● **WORK REQUEST**
Using the records below, transcribe word for word the stretch from the line that contains "maximum merchandise exports?" through the line that contains "Keep it short and to the point. 5.42.", both end lines included, and nothing else.

● **INFORMATION GIVEN**
★ ★ ★ ★ ★
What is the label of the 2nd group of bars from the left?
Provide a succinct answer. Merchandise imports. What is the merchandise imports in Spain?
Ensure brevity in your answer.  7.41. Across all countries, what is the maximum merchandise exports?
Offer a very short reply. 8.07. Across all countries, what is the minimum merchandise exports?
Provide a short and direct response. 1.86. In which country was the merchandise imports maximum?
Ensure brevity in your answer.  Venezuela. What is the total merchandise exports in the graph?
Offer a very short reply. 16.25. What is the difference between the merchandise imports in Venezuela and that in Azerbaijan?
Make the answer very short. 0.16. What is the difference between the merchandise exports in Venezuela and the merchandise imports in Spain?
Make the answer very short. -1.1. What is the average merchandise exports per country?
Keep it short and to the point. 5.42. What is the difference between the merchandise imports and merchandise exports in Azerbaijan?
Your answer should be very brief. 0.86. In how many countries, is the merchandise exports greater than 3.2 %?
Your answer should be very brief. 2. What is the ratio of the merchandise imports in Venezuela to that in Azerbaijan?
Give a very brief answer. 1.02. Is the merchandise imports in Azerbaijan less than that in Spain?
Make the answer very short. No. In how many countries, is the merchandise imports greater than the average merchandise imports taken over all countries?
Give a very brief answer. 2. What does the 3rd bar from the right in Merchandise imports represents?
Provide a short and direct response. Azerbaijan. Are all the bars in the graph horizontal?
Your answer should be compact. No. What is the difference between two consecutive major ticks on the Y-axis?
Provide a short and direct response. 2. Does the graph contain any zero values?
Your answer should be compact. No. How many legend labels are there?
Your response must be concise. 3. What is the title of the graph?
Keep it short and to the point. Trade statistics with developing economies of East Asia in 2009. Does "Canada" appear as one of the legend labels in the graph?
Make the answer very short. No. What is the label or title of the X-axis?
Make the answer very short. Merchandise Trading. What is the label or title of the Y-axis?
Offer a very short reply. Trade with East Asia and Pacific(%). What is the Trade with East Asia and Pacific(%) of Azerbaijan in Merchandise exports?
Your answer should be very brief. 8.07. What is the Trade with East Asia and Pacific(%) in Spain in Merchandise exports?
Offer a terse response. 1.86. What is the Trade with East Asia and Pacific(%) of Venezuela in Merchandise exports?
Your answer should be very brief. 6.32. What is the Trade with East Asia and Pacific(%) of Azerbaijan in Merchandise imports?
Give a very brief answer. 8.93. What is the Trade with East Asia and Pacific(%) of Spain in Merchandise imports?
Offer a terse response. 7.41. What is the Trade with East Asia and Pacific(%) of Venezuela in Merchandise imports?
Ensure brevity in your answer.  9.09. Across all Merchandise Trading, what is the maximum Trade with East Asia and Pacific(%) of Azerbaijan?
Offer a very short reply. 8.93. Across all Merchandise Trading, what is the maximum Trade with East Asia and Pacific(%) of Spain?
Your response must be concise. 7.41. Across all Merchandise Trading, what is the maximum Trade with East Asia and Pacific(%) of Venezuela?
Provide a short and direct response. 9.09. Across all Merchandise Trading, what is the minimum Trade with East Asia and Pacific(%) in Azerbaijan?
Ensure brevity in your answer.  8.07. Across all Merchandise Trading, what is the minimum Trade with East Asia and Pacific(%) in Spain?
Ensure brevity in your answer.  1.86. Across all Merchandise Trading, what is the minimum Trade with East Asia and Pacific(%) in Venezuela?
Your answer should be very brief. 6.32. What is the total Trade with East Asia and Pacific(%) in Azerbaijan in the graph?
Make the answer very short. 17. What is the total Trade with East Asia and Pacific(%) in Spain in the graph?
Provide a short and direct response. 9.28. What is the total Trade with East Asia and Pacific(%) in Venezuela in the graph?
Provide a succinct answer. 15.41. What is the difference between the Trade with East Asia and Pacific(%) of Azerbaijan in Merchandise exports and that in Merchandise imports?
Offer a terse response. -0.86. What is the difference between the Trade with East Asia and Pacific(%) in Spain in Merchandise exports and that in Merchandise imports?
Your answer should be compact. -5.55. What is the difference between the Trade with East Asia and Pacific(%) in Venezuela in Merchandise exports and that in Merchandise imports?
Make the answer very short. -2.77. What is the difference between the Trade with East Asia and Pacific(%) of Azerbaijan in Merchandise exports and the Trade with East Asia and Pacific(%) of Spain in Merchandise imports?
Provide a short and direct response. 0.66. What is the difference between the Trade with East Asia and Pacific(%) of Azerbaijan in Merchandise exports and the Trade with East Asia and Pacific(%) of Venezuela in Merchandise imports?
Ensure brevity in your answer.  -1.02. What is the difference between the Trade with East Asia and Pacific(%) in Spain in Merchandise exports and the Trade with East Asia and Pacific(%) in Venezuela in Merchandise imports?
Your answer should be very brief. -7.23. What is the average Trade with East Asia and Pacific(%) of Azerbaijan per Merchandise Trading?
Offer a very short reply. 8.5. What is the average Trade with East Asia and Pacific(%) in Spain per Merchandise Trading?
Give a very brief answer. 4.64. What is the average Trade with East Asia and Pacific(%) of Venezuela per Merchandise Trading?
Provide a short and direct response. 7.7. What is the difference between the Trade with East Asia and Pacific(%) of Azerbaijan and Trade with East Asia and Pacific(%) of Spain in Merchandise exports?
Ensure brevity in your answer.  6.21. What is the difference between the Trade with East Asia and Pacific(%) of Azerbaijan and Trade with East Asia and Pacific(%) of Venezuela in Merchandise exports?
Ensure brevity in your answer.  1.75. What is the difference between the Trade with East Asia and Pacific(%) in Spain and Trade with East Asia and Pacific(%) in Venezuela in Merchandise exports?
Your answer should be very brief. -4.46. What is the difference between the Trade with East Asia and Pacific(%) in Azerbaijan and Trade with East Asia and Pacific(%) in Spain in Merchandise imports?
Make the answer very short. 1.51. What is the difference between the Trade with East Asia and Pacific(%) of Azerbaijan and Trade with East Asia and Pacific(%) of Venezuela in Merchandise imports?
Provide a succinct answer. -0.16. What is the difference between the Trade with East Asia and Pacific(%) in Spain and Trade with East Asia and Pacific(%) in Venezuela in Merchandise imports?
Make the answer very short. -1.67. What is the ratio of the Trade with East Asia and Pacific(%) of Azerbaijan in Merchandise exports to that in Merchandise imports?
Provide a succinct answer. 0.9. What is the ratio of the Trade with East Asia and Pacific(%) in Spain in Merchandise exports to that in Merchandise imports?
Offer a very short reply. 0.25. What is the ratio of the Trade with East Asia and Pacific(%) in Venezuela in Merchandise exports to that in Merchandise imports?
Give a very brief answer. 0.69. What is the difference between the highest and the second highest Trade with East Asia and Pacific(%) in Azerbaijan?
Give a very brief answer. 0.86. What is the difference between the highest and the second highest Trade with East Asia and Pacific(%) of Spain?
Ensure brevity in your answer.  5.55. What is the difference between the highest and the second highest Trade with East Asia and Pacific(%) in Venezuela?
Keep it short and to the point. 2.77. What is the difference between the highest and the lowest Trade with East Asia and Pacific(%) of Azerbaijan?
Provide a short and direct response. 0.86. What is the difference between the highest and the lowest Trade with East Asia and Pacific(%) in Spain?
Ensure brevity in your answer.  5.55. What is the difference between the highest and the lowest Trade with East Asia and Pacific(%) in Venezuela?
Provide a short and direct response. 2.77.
★ ★ ★ ★ ★
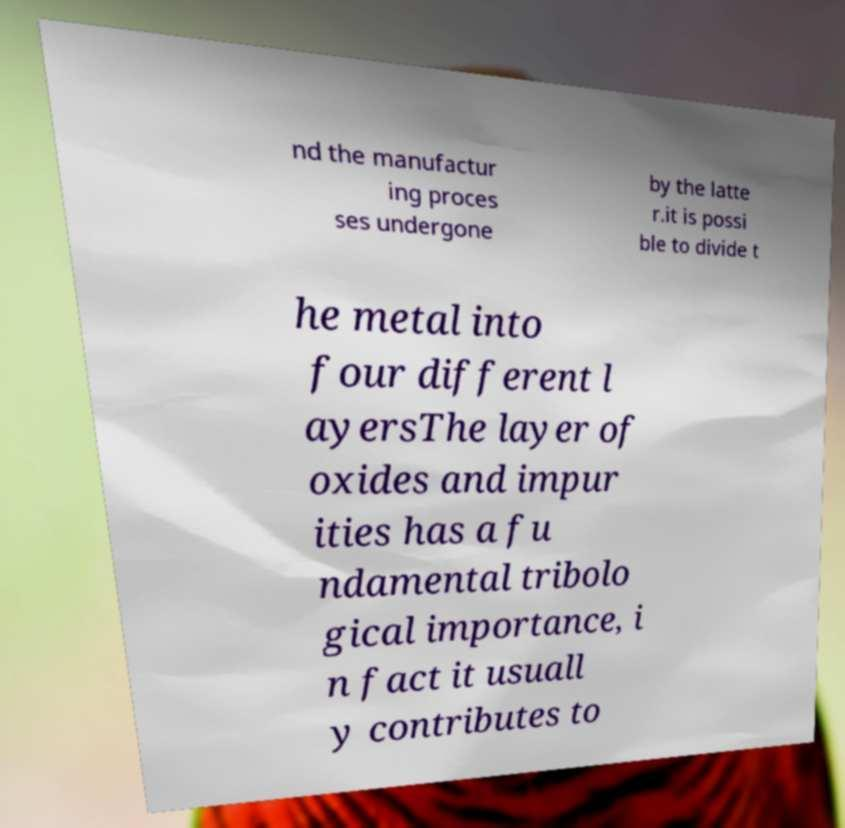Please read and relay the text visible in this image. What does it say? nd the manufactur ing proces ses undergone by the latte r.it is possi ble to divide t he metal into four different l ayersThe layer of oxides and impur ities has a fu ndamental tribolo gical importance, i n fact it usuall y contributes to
★ ★ ★ ★ ★
● **RESPONSE**
Ensure brevity in your answer.  7.41. Across all countries, what is the maximum merchandise exports?
Offer a very short reply. 8.07. Across all countries, what is the minimum merchandise exports?
Provide a short and direct response. 1.86. In which country was the merchandise imports maximum?
Ensure brevity in your answer.  Venezuela. What is the total merchandise exports in the graph?
Offer a very short reply. 16.25. What is the difference between the merchandise imports in Venezuela and that in Azerbaijan?
Make the answer very short. 0.16. What is the difference between the merchandise exports in Venezuela and the merchandise imports in Spain?
Make the answer very short. -1.1. What is the average merchandise exports per country?
Keep it short and to the point. 5.42. What is the difference between the merchandise imports and merchandise exports in Azerbaijan?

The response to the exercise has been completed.